She stood at the cliff edge looking out at the rolling summer surf. The house towering behind her, solid grey stone and slate, bursting pink rhododendrons, white garden furniture that needed a paint. The image, like closing your eyes after glancing at the sun, almost indelible on her retina, beams of light dancing in the dark.
Out ahead, mountains of cloud hovered on the horizon, a windsurfer made painful progress in the non-existent breeze while paddleboarders cruised on water that glistened like a million jumping fish.
Moira balled up her fists. Tight so she could feel her nails in her palms. If she could she would have rattled them like a child throwing a tantrum. If she could she would have screwed her eyes shut and stamped her foot and shouted down at the bloody picture-perfect view, ‘Graham Whitethorn, you goddamn pain in the arse.’

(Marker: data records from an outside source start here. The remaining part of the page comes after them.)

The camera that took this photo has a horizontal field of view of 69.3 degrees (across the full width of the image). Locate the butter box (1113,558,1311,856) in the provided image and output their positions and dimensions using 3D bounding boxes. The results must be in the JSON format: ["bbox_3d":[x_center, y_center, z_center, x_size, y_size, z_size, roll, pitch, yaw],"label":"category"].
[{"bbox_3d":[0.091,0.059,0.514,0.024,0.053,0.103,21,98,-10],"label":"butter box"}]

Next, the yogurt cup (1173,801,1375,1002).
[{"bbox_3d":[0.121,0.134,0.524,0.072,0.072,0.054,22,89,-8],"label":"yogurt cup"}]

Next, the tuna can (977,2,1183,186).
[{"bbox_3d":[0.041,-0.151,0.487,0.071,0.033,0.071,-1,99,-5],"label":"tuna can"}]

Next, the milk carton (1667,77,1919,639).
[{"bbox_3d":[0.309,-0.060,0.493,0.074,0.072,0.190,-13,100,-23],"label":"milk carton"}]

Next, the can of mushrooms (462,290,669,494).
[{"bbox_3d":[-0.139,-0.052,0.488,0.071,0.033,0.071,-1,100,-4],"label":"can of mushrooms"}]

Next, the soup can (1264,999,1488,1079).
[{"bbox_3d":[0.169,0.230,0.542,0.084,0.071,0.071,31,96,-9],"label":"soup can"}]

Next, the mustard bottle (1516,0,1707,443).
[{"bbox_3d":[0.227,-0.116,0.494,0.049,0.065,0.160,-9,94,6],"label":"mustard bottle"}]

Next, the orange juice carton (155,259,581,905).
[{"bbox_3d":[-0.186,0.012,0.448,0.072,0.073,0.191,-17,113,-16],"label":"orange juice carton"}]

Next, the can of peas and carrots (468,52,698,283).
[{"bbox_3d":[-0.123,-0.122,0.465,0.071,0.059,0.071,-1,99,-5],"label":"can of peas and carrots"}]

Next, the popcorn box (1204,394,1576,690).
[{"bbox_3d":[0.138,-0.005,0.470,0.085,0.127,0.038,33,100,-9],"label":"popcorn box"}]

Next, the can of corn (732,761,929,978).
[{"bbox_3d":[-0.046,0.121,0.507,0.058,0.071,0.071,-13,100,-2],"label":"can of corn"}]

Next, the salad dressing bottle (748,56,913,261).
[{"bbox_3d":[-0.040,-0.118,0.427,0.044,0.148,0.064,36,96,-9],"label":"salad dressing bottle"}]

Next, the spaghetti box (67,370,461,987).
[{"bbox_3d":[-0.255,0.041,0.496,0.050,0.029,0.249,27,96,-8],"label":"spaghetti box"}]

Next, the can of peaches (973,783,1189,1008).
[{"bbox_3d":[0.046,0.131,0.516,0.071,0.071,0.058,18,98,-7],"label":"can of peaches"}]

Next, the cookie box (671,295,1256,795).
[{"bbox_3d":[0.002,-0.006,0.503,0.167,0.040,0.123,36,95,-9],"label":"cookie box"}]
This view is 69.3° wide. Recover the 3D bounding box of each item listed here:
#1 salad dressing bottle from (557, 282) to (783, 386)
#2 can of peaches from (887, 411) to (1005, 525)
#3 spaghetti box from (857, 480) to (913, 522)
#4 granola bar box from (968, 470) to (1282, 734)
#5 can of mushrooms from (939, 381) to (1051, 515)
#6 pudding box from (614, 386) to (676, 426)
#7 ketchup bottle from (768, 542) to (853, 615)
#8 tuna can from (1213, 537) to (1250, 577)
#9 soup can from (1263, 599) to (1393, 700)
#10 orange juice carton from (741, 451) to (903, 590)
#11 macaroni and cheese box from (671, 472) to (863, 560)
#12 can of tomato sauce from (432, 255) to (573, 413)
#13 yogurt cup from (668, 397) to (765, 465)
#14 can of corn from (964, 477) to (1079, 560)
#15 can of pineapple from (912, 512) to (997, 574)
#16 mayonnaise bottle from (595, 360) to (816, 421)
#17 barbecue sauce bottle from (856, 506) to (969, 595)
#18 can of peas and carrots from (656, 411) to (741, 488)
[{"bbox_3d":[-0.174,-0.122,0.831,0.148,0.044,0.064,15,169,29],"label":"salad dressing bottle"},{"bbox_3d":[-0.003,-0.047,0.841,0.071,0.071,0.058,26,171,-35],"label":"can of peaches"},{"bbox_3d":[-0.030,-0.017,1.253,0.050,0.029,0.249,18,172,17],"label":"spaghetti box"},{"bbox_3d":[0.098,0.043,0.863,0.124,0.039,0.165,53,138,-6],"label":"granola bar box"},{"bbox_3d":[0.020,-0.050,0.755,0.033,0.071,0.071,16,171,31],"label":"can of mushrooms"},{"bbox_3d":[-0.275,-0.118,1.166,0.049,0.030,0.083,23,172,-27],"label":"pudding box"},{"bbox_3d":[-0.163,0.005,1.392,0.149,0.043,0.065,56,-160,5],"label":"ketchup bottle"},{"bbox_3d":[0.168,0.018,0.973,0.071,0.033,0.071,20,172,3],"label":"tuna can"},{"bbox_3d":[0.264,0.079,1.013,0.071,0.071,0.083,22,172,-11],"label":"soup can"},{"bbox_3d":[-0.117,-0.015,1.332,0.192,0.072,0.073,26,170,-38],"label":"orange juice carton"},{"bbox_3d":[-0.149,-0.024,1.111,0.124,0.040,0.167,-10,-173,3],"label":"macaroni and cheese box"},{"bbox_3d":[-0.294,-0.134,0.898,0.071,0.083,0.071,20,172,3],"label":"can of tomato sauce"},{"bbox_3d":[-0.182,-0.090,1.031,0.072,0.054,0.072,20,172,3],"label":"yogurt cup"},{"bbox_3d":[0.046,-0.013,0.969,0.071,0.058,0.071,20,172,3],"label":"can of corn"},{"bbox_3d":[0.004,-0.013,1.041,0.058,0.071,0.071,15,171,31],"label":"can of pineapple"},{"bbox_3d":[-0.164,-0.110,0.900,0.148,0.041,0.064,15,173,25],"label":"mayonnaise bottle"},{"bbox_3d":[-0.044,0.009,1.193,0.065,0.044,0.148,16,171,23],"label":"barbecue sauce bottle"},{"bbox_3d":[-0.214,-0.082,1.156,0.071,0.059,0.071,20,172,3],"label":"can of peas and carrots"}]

But she couldn’t. Because from inside the hoody of the teenage boy standing beside her she could just glimpse big worried eyes, and see the wipe of snot on his frayed baggy cuffs.
So, instead she took a deep invigorating breath of salty sea air, pushed her hair from her face, and said, ‘Come on then, Sonny. Let’s make some breakfast and call your mother. Tell her what silly old Grandpa’s done.’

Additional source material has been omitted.